Leads who viewed high-value sites (such as price pages) or filled out high-value forms may receive better lead scores (like a demo request). Similarly, you may provide better ratings to leads who have visited your site 30 times rather than three times.

A visual approach was utilized by Cyberclick, an online marketing and digital advertising agency, to match a lead’s amount of website activity to the lead’s demographic profile. The best candidates for conversion are leads with a profile that makes them a strong fit for the firm and who have interacted substantially with the site, whereas poor leads did not interact with the company and the website.

5. Monitor Conversion Rates

To determine which marketing initiatives result in conversions across the funnel, run an attribution report. You can fine-tune your funnel and expedite your lead scoring process by looking at the actions and scores of each conversion.

You might give individuals who download material that has historically turned people into leads a specific amount of points, and those who download content that has traditionally converted people into customers a larger number of points.

You have no idea how interested someone is in buying from you if they have signed in to receive emails from your firm. On the other hand, open and click-through rates will offer you a far better picture of their degree of interest. Your sales staff will be interested in knowing who opened each email in your lead nurturing series, as well as who always clicked through your offer promotion emails. With higher open rates, you also have to work on reducing email bounce rate. This can be achieved with the help of an email verification tool by firstly checking email IDs validity.

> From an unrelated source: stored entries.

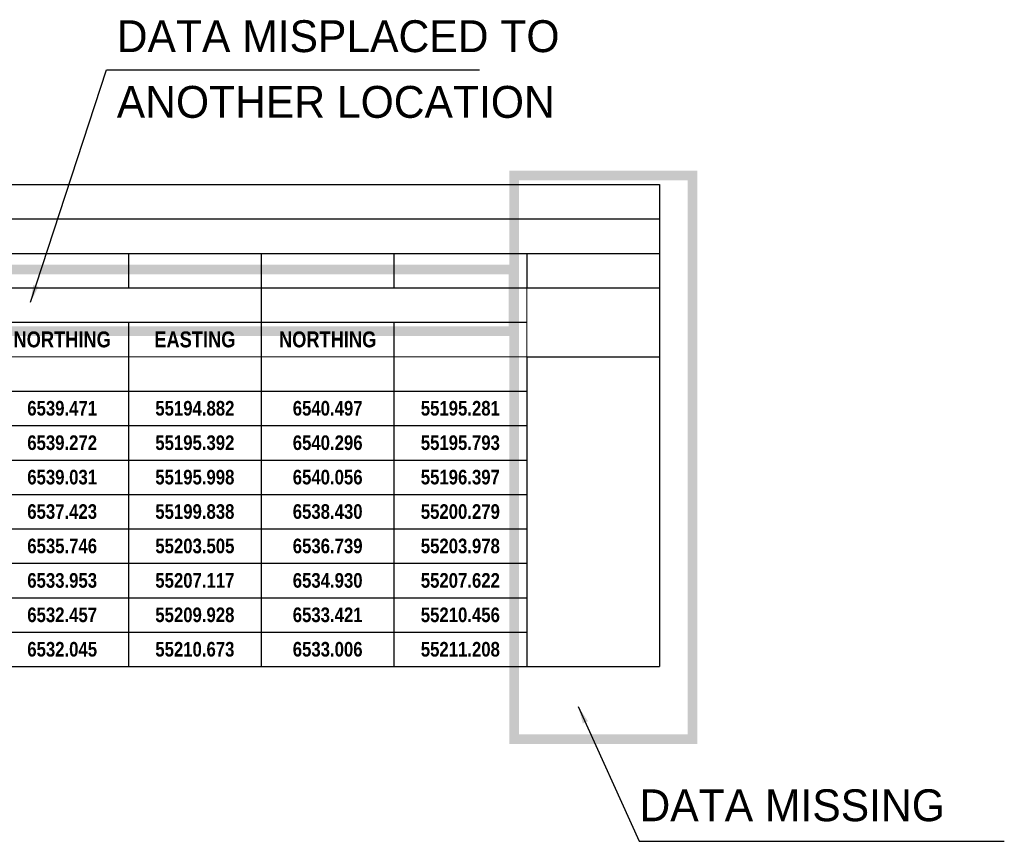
# Model space of a CAD drawing. Header units: metres. Extents: x 110.2 to 137.8, y -16.1 to 9.7.
# Tile 4 of 4: x 127.5 to 137.8, y 1 to 9.6. Entities that reach past the tile are written whole.
import ezdxf

# ---------------------------------------------------------------- set-up
doc = ezdxf.new("R2010")
doc.units = ezdxf.units.M
doc.styles.add('MtXpl_Arial_Black', font='txt')
doc.styles.get("Standard").update_dxf_attribs({"font": 'arial.ttf'})
doc.dimstyles.get("Standard").update_dxf_attribs({"dimtxt": 0.18, "dimasz": 0.18, "dimexe": 0.18, "dimexo": 0.0625, "dimgap": 0.09, "dimtad": 0, "dimtih": 1, "dimtoh": 1, "dimdec": 4, "dimzin": 0, "dimdsep": 46, "dimtxsty": 'Standard', "dimcen": 0.09, "dimadec": 0, "dimazin": 0, "dimtfac": 1, "dimtdec": 4, "dimtofl": 0, "dimtmove": 0, "dimatfit": 3, "dimfxl": 1, "dimtolj": 1, "dimtzin": 0, "dimarcsym": 0})

# ---------------------------------------------------------------- blocks, each defined once
blk = doc.blocks.new('*T1')
at = {"color": 0, "linetype": 'ByBlock', "lineweight": -2, "transparency": 16777216}
for p, q in [((0, 0), (23.268, 0)), ((23.268, 0), (23.268, -1.08)), ((0, -0.36), (23.268, -0.36)), ((0, -0.72), (23.268, -0.72)), ((16.327, -0.72), (16.327, -1.08)), ((17.715, -0.72), (17.715, -1.08)), ((19.103, -0.72), (19.103, -1.08)), ((20.492, -0.72), (20.492, -1.08)), ((21.88, -0.72), (21.88, -1.08)), ((1.055, -1.08), (16.327, -1.08)), ((0, -1.801), (3.832, -1.801)), ((3.832, -1.801), (3.832, -2.161)), ((5.22, -1.801), (5.22, -2.161)), ((6.608, -1.801), (6.608, -2.161)), ((7.997, -1.801), (7.997, -2.161)), ((9.385, -1.801), (9.385, -2.161)), ((10.773, -1.801), (10.773, -2.161)), ((12.162, -1.801), (12.162, -2.161)), ((13.55, -1.801), (13.55, -2.161)), ((14.938, -1.801), (14.938, -2.161)), ((16.327, -1.801), (16.327, -2.161)), ((17.715, -1.801), (17.715, -2.161)), ((19.103, -1.801), (19.103, -2.161)), ((20.492, -1.801), (20.492, -2.161)), ((21.88, -1.801), (23.268, -1.801)), ((0, -5.041), (23.268, -5.041))]:
    blk.add_line(p, q, dxfattribs=at)
at = {"linetype": 'ByBlock', "lineweight": 15, "transparency": 16777216}
for p, q in [((0, 0), (0, -1.08)), ((21.88, -1.08), (21.88, -1.801)), ((16.327, -1.441), (16.327, -1.801)), ((3.832, -1.801), (21.88, -1.801))]:
    blk.add_line(p, q, dxfattribs=at)
at = {"linetype": 'ByBlock', "lineweight": 30, "transparency": 16777216}
for p, q in [((0, -1.08), (1.055, -1.08)), ((0, -1.08), (0, -5.041)), ((16.327, -1.08), (23.268, -1.08)), ((23.268, -1.08), (23.268, -5.041))]:
    blk.add_line(p, q, dxfattribs=at)
at = {"linetype": 'ByBlock', "lineweight": -2, "transparency": 16777216}
for p, q in [((1.055, -1.08), (1.055, -1.801)), ((5.22, -1.08), (5.22, -1.801)), ((7.997, -1.08), (7.997, -1.801)), ((10.773, -1.08), (10.773, -1.801)), ((13.55, -1.08), (13.55, -1.801)), ((16.327, -1.08), (16.327, -1.441)), ((19.103, -1.08), (19.103, -1.801)), ((1.055, -1.441), (21.88, -1.441)), ((2.443, -1.441), (2.443, -1.801)), ((3.832, -1.441), (3.832, -1.801)), ((6.608, -1.441), (6.608, -1.801)), ((9.385, -1.441), (9.385, -1.801)), ((12.162, -1.441), (12.162, -1.801)), ((14.938, -1.441), (14.938, -1.801)), ((17.715, -1.441), (17.715, -1.801)), ((20.492, -1.441), (20.492, -1.801)), ((21.88, -1.801), (21.88, -5.041)), ((0, -2.161), (21.88, -2.161)), ((1.055, -2.161), (1.055, -5.041)), ((2.443, -2.161), (2.443, -5.041)), ((3.832, -2.161), (3.832, -5.041)), ((5.22, -2.161), (5.22, -5.041)), ((6.608, -2.161), (6.608, -5.041)), ((7.997, -2.161), (7.997, -5.041)), ((9.385, -2.161), (9.385, -5.041)), ((10.773, -2.161), (10.773, -5.041)), ((12.162, -2.161), (12.162, -5.041)), ((13.55, -2.161), (13.55, -5.041)), ((14.938, -2.161), (14.938, -5.041)), ((16.327, -2.161), (16.327, -5.041)), ((17.715, -2.161), (17.715, -5.041)), ((19.103, -2.161), (19.103, -5.041)), ((20.492, -2.161), (20.492, -5.041)), ((0, -2.521), (21.88, -2.521)), ((0, -2.881), (21.88, -2.881)), ((0, -3.241), (21.88, -3.241)), ((0, -3.601), (21.88, -3.601)), ((0, -3.961), (21.88, -3.961)), ((0, -4.321), (21.88, -4.321)), ((0, -4.681), (21.88, -4.681))]:
    blk.add_line(p, q, dxfattribs=at)
at = {"color": 0, "transparency": 16777216}
for s, insert, char_height, width, attachment_point in [('{\\fArial Black|b0|i0|c0;\\C7;\\L SETTING OUT DETAILS   (COORDINATES)', (11.634, -0.3), 0.16667, 23.14833, 8), ('{\\fArial Black|b1|i0|c0;\\C7;\\LCENTRE LINE ', (11.634, -0.54), 0.16667, 23.14833, 5), ('{\\fArial Narrow|b1|i0|c0;\\C7;CENTRE LINE', (3.138, -1.26), 0.18056, 4.045, 5), ('{\\fArial Narrow|b1|i0|c0;\\C7;POINT-3', (6.608, -1.26), 0.18056, 2.65667, 5), ('{\\fArial Narrow|b1|i0|c0;\\C7;POINT-5', (9.385, -1.26), 0.18056, 2.65667, 5), ('{\\fArial Narrow|b1|i0|c0;\\C7;LOCATION', (12.162, -1.26), 0.18056, 2.65667, 5), ('{\\fArial Narrow|b1|i0|c0;\\C7; NOS', (0.528, -1.44), 0.18056, 0.935, 5), ('{\\fArial Narrow|b1|i0|c0;\\C7;EASTING', (1.749, -1.621), 0.16667, 1.26833, 5), ('{\\fArial Narrow|b1|i0|c0;\\C7;NORTHING', (3.138, -1.621), 0.16667, 1.26833, 5), ('{\\fArial Narrow|b1|i0|c0;\\C7;EASTING', (4.526, -1.621), 0.16667, 1.26833, 5), ('{\\fArial Narrow|b1|i0|c0;\\C7;NORTHING', (5.914, -1.621), 0.16667, 1.26833, 5), ('{\\fArial Narrow|b1|i0|c0;\\C7;EASTING', (7.303, -1.621), 0.16667, 1.26833, 5), ('{\\fArial Narrow|b1|i0|c0;\\C7;NORTHING', (8.691, -1.621), 0.16667, 1.26833, 5), ('{\\fArial Narrow|b1|i0|c0;\\C7;EASTING', (10.079, -1.621), 0.16667, 1.26833, 5), ('{\\fArial Narrow|b1|i0|c0;\\C7;NORTHING', (11.468, -1.621), 0.16667, 1.26833, 5), ('{\\fArial Narrow|b1|i0|c0;\\C7;EASTING', (12.856, -1.621), 0.16667, 1.26833, 5), ('{\\fArial Narrow|b1|i0|c0;\\C7;NORTHING', (14.244, -1.621), 0.16667, 1.26833, 5), ('{\\fArial Narrow|b1|i0|c0;\\C7;EASTING', (15.633, -1.621), 0.16667, 1.26833, 5), ('{\\fArial Narrow|b1|i0|c0;\\C7;NORTHING', (17.021, -1.621), 0.16667, 1.26833, 5), ('{\\fArial Narrow|b1|i0|c0;\\C7;EASTING', (18.409, -1.621), 0.16667, 1.26833, 5), ('{\\fArial Narrow|b1|i0|c0;\\C7;NORTHING', (19.798, -1.621), 0.16667, 1.26833, 5), ('{\\fArial Narrow|b1|i0|c0;\\C7;OFFSET FROM REF', (1.916, -1.981), 0.18056, 3.71167, 5), ('{\\fArial Narrow|b1|i0|c0;\\C7;01', (0.528, -2.341), 0.15278, 0.935, 5), ('{\\fArial Narrow|b1|i0|c0;\\C7;0.010', (1.749, -2.341), 0.15278, 1.26833, 5), ('{\\fArial Narrow|b1|i0|c0;\\C7;6527.912', (3.138, -2.341), 0.15278, 1.26833, 5), ('{\\fArial Narrow|b1|i0|c0;\\C7;55190.389', (4.526, -2.341), 0.15278, 1.26833, 5), ('{\\fArial Narrow|b1|i0|c0;\\C7;6515.331', (5.914, -2.341), 0.15278, 1.26833, 5), ('{\\fArial Narrow|b1|i0|c0;\\C7;55185.498', (7.303, -2.341), 0.15278, 1.26833, 5), ('{\\fArial Narrow|b1|i0|c0;\\C7;6516.357', (8.691, -2.341), 0.15278, 1.26833, 5), ('{\\fArial Narrow|b1|i0|c0;\\C7;55185.896', (10.079, -2.341), 0.15278, 1.26833, 5), ('{\\fArial Narrow|b1|i0|c0;\\C7;6539.471', (17.021, -2.341), 0.15278, 1.26833, 5), ('{\\fArial Narrow|b1|i0|c0;\\C7;55194.882', (18.409, -2.341), 0.15278, 1.26833, 5), ('{\\fArial Narrow|b1|i0|c0;\\C7;6540.497', (19.798, -2.341), 0.15278, 1.26833, 5), ('{\\fArial Narrow|b1|i0|c0;\\C7;55195.281', (21.186, -2.341), 0.15278, 1.26833, 5), ('{\\fArial Narrow|b1|i0|c0;\\C7;-', (11.468, -2.341), 0.15278, 1.26833, 5), ('{\\fArial Narrow|b1|i0|c0;\\C7;-', (12.856, -2.341), 0.15278, 1.26833, 5), ('{\\fArial Narrow|b1|i0|c0;\\C7;-', (14.244, -2.341), 0.15278, 1.26833, 5), ('{\\fArial Narrow|b1|i0|c0;\\C7;-', (15.633, -2.341), 0.15278, 1.26833, 5), ('{\\fArial Narrow|b1|i0|c0;\\C7;02', (0.528, -2.701), 0.15278, 0.935, 5), ('{\\fArial Narrow|b1|i0|c0|p34;0.532}', (1.749, -2.701), 0.15278, 1.26833, 5), ('{\\fArial Narrow|b1|i0|c0;\\C7;6527.722', (3.138, -2.701), 0.15278, 1.26833, 5), ('{\\fArial Narrow|b1|i0|c0;\\C7;55190.874', (4.526, -2.701), 0.15278, 1.26833, 5), ('{\\fArial Narrow|b1|i0|c0;\\C7;6515.151', (5.914, -2.701), 0.15278, 1.26833, 5), ('{\\fArial Narrow|b1|i0|c0;\\C7;55185.957', (7.303, -2.701), 0.15278, 1.26833, 5), ('{\\fArial Narrow|b1|i0|c0;\\C7;6516.176', (8.691, -2.701), 0.15278, 1.26833, 5), ('{\\fArial Narrow|b1|i0|c0;\\C7;55186.358', (10.079, -2.701), 0.15278, 1.26833, 5), ('{\\fArial Narrow|b1|i0|c0;\\C7;6527.349', (11.468, -2.701), 0.15278, 1.26833, 5), ('{\\fArial Narrow|b1|i0|c0;\\C7;55190.729', (12.856, -2.701), 0.15278, 1.26833, 5), ('{\\fArial Narrow|b1|i0|c0;\\C7;6528.094', (14.244, -2.701), 0.15278, 1.26833, 5), ('{\\fArial Narrow|b1|i0|c0;\\C7;55191.020', (15.633, -2.701), 0.15278, 1.26833, 5), ('{\\fArial Narrow|b1|i0|c0;\\C7;6539.272', (17.021, -2.701), 0.15278, 1.26833, 5), ('{\\fArial Narrow|b1|i0|c0;\\C7;55195.392', (18.409, -2.701), 0.15278, 1.26833, 5), ('{\\fArial Narrow|b1|i0|c0;\\C7;6540.296', (19.798, -2.701), 0.15278, 1.26833, 5), ('{\\fArial Narrow|b1|i0|c0;\\C7;55195.793', (21.186, -2.701), 0.15278, 1.26833, 5), ('{\\fArial Narrow|b1|i0|c0;\\C7;03', (0.528, -3.061), 0.15278, 0.935, 5), ('{\\fArial Narrow|b1|i0|c0|p34;1.210}', (1.749, -3.061), 0.15278, 1.26833, 5), ('{\\fArial Narrow|b1|i0|c0;\\C7;6527.471', (3.138, -3.061), 0.15278, 1.26833, 5), ('{\\fArial Narrow|b1|i0|c0;\\C7;55191.504', (4.526, -3.061), 0.15278, 1.26833, 5), ('{\\fArial Narrow|b1|i0|c0;\\C7;6514.890', (5.914, -3.061), 0.15278, 1.26833, 5), ('{\\fArial Narrow|b1|i0|c0;\\C7;55186.613', (7.303, -3.061), 0.15278, 1.26833, 5), ('{\\fArial Narrow|b1|i0|c0;\\C7;6515.915', (8.691, -3.061), 0.15278, 1.26833, 5), ('{\\fArial Narrow|b1|i0|c0;\\C7;55187.012', (10.079, -3.061), 0.15278, 1.26833, 5), ('{\\fArial Narrow|b1|i0|c0;\\C7;6527.098', (11.468, -3.061), 0.15278, 1.26833, 5), ('{\\fArial Narrow|b1|i0|c0;\\C7;55191.360', (12.856, -3.061), 0.15278, 1.26833, 5), ('{\\fArial Narrow|b1|i0|c0;\\C7;6527.844', (14.244, -3.061), 0.15278, 1.26833, 5), ('{\\fArial Narrow|b1|i0|c0;\\C7;55191.649', (15.633, -3.061), 0.15278, 1.26833, 5), ('{\\fArial Narrow|b1|i0|c0;\\C7;6539.031', (17.021, -3.061), 0.15278, 1.26833, 5), ('{\\fArial Narrow|b1|i0|c0;\\C7;55195.998', (18.409, -3.061), 0.15278, 1.26833, 5), ('{\\fArial Narrow|b1|i0|c0;\\C7;6540.056', (19.798, -3.061), 0.15278, 1.26833, 5), ('{\\fArial Narrow|b1|i0|c0;\\C7;55196.397', (21.186, -3.061), 0.15278, 1.26833, 5), ('{\\fArial Narrow|b1|i0|c0;\\C7;04', (0.528, -3.421), 0.15278, 0.935, 5), ('{\\fArial Narrow|b1|i0|c0|p34;4.849}', (1.749, -3.421), 0.15278, 1.26833, 5), ('{\\fArial Narrow|b1|i0|c0;\\C7;6526.064', (3.138, -3.421), 0.15278, 1.26833, 5), ('{\\fArial Narrow|b1|i0|c0;\\C7;55194.860', (4.526, -3.421), 0.15278, 1.26833, 5), ('{\\fArial Narrow|b1|i0|c0;\\C7;6513.700', (5.914, -3.421), 0.15278, 1.26833, 5), ('{\\fArial Narrow|b1|i0|c0;\\C7;55189.443', (7.303, -3.421), 0.15278, 1.26833, 5), ('{\\fArial Narrow|b1|i0|c0;\\C7;6514.708', (8.691, -3.421), 0.15278, 1.26833, 5), ('{\\fArial Narrow|b1|i0|c0;\\C7;55189.884', (10.079, -3.421), 0.15278, 1.26833, 5), ('{\\fArial Narrow|b1|i0|c0;\\C7;6525.697', (11.468, -3.421), 0.15278, 1.26833, 5), ('{\\fArial Narrow|b1|i0|c0;\\C7;55194.700', (12.856, -3.421), 0.15278, 1.26833, 5), ('{\\fArial Narrow|b1|i0|c0;\\C7;6526.430', (14.244, -3.421), 0.15278, 1.26833, 5), ('{\\fArial Narrow|b1|i0|c0;\\C7;55195.021', (15.633, -3.421), 0.15278, 1.26833, 5), ('{\\fArial Narrow|b1|i0|c0;\\C7;6537.423', (17.021, -3.421), 0.15278, 1.26833, 5), ('{\\fArial Narrow|b1|i0|c0;\\C7;55199.838', (18.409, -3.421), 0.15278, 1.26833, 5), ('{\\fArial Narrow|b1|i0|c0;\\C7;6538.430', (19.798, -3.421), 0.15278, 1.26833, 5), ('{\\fArial Narrow|b1|i0|c0;\\C7;55200.279', (21.186, -3.421), 0.15278, 1.26833, 5), ('{\\fArial Narrow|b1|i0|c0;\\C7;05', (0.528, -3.781), 0.15278, 0.935, 5), ('{\\fArial Narrow|b1|i0|c0|p34;8.488}', (1.749, -3.781), 0.15278, 1.26833, 5), ('{\\fArial Narrow|b1|i0|c0;\\C7;6524.551', (3.138, -3.781), 0.15278, 1.26833, 5), ('{\\fArial Narrow|b1|i0|c0;\\C7;55198.169', (4.526, -3.781), 0.15278, 1.26833, 5), ('{\\fArial Narrow|b1|i0|c0;\\C7;6512.365', (5.914, -3.781), 0.15278, 1.26833, 5), ('{\\fArial Narrow|b1|i0|c0;\\C7;55192.362', (7.303, -3.781), 0.15278, 1.26833, 5), ('{\\fArial Narrow|b1|i0|c0;\\C7;6513.358', (8.691, -3.781), 0.15278, 1.26833, 5), ('{\\fArial Narrow|b1|i0|c0;\\C7;55192.835', (10.079, -3.781), 0.15278, 1.26833, 5), ('{\\fArial Narrow|b1|i0|c0;\\C7;6524.190', (11.468, -3.781), 0.15278, 1.26833, 5), ('{\\fArial Narrow|b1|i0|c0;\\C7;55197.997', (12.856, -3.781), 0.15278, 1.26833, 5), ('{\\fArial Narrow|b1|i0|c0;\\C7;6524.912', (14.244, -3.781), 0.15278, 1.26833, 5), ('{\\fArial Narrow|b1|i0|c0;\\C7;55198.342', (15.633, -3.781), 0.15278, 1.26833, 5), ('{\\fArial Narrow|b1|i0|c0;\\C7;6535.746', (17.021, -3.781), 0.15278, 1.26833, 5), ('{\\fArial Narrow|b1|i0|c0;\\C7;55203.505', (18.409, -3.781), 0.15278, 1.26833, 5), ('{\\fArial Narrow|b1|i0|c0;\\C7;6536.739', (19.798, -3.781), 0.15278, 1.26833, 5), ('{\\fArial Narrow|b1|i0|c0;\\C7;55203.978', (21.186, -3.781), 0.15278, 1.26833, 5), ('{\\fArial Narrow|b1|i0|c0;\\C7;06', (0.528, -4.141), 0.15278, 0.935, 5), ('{\\fArial Narrow|b1|i0|c0|p34;12.127}', (1.749, -4.141), 0.15278, 1.26833, 5), ('{\\fArial Narrow|b1|i0|c0;\\C7;6522.933', (3.138, -4.141), 0.15278, 1.26833, 5), ('{\\fArial Narrow|b1|i0|c0;\\C7;55201.429', (4.526, -4.141), 0.15278, 1.26833, 5), ('{\\fArial Narrow|b1|i0|c0;\\C7;6510.938', (5.914, -4.141), 0.15278, 1.26833, 5), ('{\\fArial Narrow|b1|i0|c0;\\C7;55195.238', (7.303, -4.141), 0.15278, 1.26833, 5), ('{\\fArial Narrow|b1|i0|c0;\\C7;6511.915', (8.691, -4.141), 0.15278, 1.26833, 5), ('{\\fArial Narrow|b1|i0|c0;\\C7;55195.742', (10.079, -4.141), 0.15278, 1.26833, 5), ('{\\fArial Narrow|b1|i0|c0;\\C7;6522.578', (11.468, -4.141), 0.15278, 1.26833, 5), ('{\\fArial Narrow|b1|i0|c0;\\C7;55201.246', (12.856, -4.141), 0.15278, 1.26833, 5), ('{\\fArial Narrow|b1|i0|c0;\\C7;6523.289', (14.244, -4.141), 0.15278, 1.26833, 5), ('{\\fArial Narrow|b1|i0|c0;\\C7;55201.613', (15.633, -4.141), 0.15278, 1.26833, 5), ('{\\fArial Narrow|b1|i0|c0;\\C7;6533.953', (17.021, -4.141), 0.15278, 1.26833, 5), ('{\\fArial Narrow|b1|i0|c0;\\C7;55207.117', (18.409, -4.141), 0.15278, 1.26833, 5), ('{\\fArial Narrow|b1|i0|c0;\\C7;6534.930', (19.798, -4.141), 0.15278, 1.26833, 5), ('{\\fArial Narrow|b1|i0|c0;\\C7;55207.622', (21.186, -4.141), 0.15278, 1.26833, 5), ('{\\fArial Narrow|b1|i0|c0;\\C7;07', (0.528, -4.501), 0.15278, 0.935, 5), ('{\\fArial Narrow|b1|i0|c0|p34;15.000}', (1.749, -4.501), 0.15278, 1.26833, 5), ('{\\fArial Narrow|b1|i0|c0;\\C7;6521.584', (3.138, -4.501), 0.15278, 1.26833, 5), ('{\\fArial Narrow|b1|i0|c0;\\C7;55203.965', (4.526, -4.501), 0.15278, 1.26833, 5), ('{\\fArial Narrow|b1|i0|c0;\\C7;6509.747', (5.914, -4.501), 0.15278, 1.26833, 5), ('{\\fArial Narrow|b1|i0|c0;\\C7;55197.475', (7.303, -4.501), 0.15278, 1.26833, 5), ('{\\fArial Narrow|b1|i0|c0;\\C7;6510.712', (8.691, -4.501), 0.15278, 1.26833, 5), ('{\\fArial Narrow|b1|i0|c0;\\C7;55198.004', (10.079, -4.501), 0.15278, 1.26833, 5), ('{\\fArial Narrow|b1|i0|c0;\\C7;6521.233', (11.468, -4.501), 0.15278, 1.26833, 5), ('{\\fArial Narrow|b1|i0|c0;\\C7;55203.773', (12.856, -4.501), 0.15278, 1.26833, 5), ('{\\fArial Narrow|b1|i0|c0;\\C7;6521.934', (14.244, -4.501), 0.15278, 1.26833, 5), ('{\\fArial Narrow|b1|i0|c0;\\C7;55204.158', (15.633, -4.501), 0.15278, 1.26833, 5), ('{\\fArial Narrow|b1|i0|c0;\\C7;6532.457', (17.021, -4.501), 0.15278, 1.26833, 5), ('{\\fArial Narrow|b1|i0|c0;\\C7;55209.928', (18.409, -4.501), 0.15278, 1.26833, 5), ('{\\fArial Narrow|b1|i0|c0;\\C7;6533.421', (19.798, -4.501), 0.15278, 1.26833, 5), ('{\\fArial Narrow|b1|i0|c0;\\C7;55210.456', (21.186, -4.501), 0.15278, 1.26833, 5), ('{\\fArial Narrow|b1|i0|c0;\\C7;08', (0.528, -4.861), 0.15278, 0.935, 5), ('{\\fArial Narrow|b1|i0|c0|p34;15.766}', (1.749, -4.861), 0.15278, 1.26833, 5), ('{\\fArial Narrow|b1|i0|c0;\\C7;6521.213', (3.138, -4.861), 0.15278, 1.26833, 5), ('{\\fArial Narrow|b1|i0|c0;\\C7;55204.636', (4.526, -4.861), 0.15278, 1.26833, 5), ('{\\fArial Narrow|b1|i0|c0;\\C7;6509.421', (5.914, -4.861), 0.15278, 1.26833, 5), ('{\\fArial Narrow|b1|i0|c0;\\C7;55198.064', (7.303, -4.861), 0.15278, 1.26833, 5), ('{\\fArial Narrow|b1|i0|c0;\\C7;6510.382', (8.691, -4.861), 0.15278, 1.26833, 5), ('{\\fArial Narrow|b1|i0|c0;\\C7;55198.600', (10.079, -4.861), 0.15278, 1.26833, 5), ('{\\fArial Narrow|b1|i0|c0;\\C7;6520.864', (11.468, -4.861), 0.15278, 1.26833, 5), ('{\\fArial Narrow|b1|i0|c0;\\C7;55204.441', (12.856, -4.861), 0.15278, 1.26833, 5), ('{\\fArial Narrow|b1|i0|c0;\\C7;6521.562', (14.244, -4.861), 0.15278, 1.26833, 5), ('{\\fArial Narrow|b1|i0|c0;\\C7;55204.830', (15.633, -4.861), 0.15278, 1.26833, 5), ('{\\fArial Narrow|b1|i0|c0;\\C7;6532.045', (17.021, -4.861), 0.15278, 1.26833, 5), ('{\\fArial Narrow|b1|i0|c0;\\C7;55210.673', (18.409, -4.861), 0.15278, 1.26833, 5), ('{\\fArial Narrow|b1|i0|c0;\\C7;6533.006', (19.798, -4.861), 0.15278, 1.26833, 5), ('{\\fArial Narrow|b1|i0|c0;\\C7;55211.208', (21.186, -4.861), 0.15278, 1.26833, 5)]:
    blk.add_mtext(s, dxfattribs=dict(at, insert=insert, char_height=char_height, width=width, attachment_point=attachment_point))

msp = doc.modelspace()

# ---------------------------------------------------------------- linework, layer by layer
at = {"color": 1, "const_width": 0.1}
msp.add_lwpolyline([(132.68, 7.936), (134.546, 7.936), (134.546, 2.042), (132.68, 2.042)], close=True, dxfattribs=at)
at = {"color": 3, "const_width": 0.1}
msp.add_lwpolyline([(124.423, 6.953), (132.672, 6.953), (132.672, 6.31), (124.423, 6.31)], close=True, dxfattribs=at)

# ---------------------------------------------------------------- block references
msp.add_blockref('*T1', (110.931, 7.843))

# ---------------------------------------------------------------- texts
at = {"color": 1, "style": 'MtXpl_Arial_Black'}
for s, p in [('DATA MISPLACED TO ', (128.523, 9.227)), ('ANOTHER LOCATION', (128.523, 8.54)), ('DATA MISSING', (133.991, 1.185))]:
    msp.add_text(s, height=0.33333, dxfattribs=at).set_placement(p)

# ---------------------------------------------------------------- leaders
at = {"color": 1}
for points in [[(127.621, 6.611), (128.414, 9.043), (132.317, 9.043)], [(133.351, 2.383), (133.988, 0.975), (137.807, 0.975)]]:
    msp.add_leader(points, dimstyle='Standard', override={"dimgap": 0.09, "dimtad": 0}, dxfattribs=at)

doc.saveas('drawing.dxf')

Leads who click through on high-value mailings, such as demo offers, may also receive a better lead score. Here’s an example of a lead scoring system based on email engagement:

Action Taken by Email Recipients Lead Score
Open your email +5 points
Click on the link in your email +10 points
Sign up to attend your webinar +20 points
Download a resource +10 points
Provide email in exchange for a discount +5 points
Not responding after more than 3 emails -25 points

Let’s look at a regular conversion and sales process:

Conclusion

There is no such thing as a one-size-fits-all strategy to lead scoring. Each company is different, and so are its lead scoring model requirements. Determine which indications indicate a lead’s strong desire to purchase your goods or service. Then you may give such activities and demographics larger lead scores.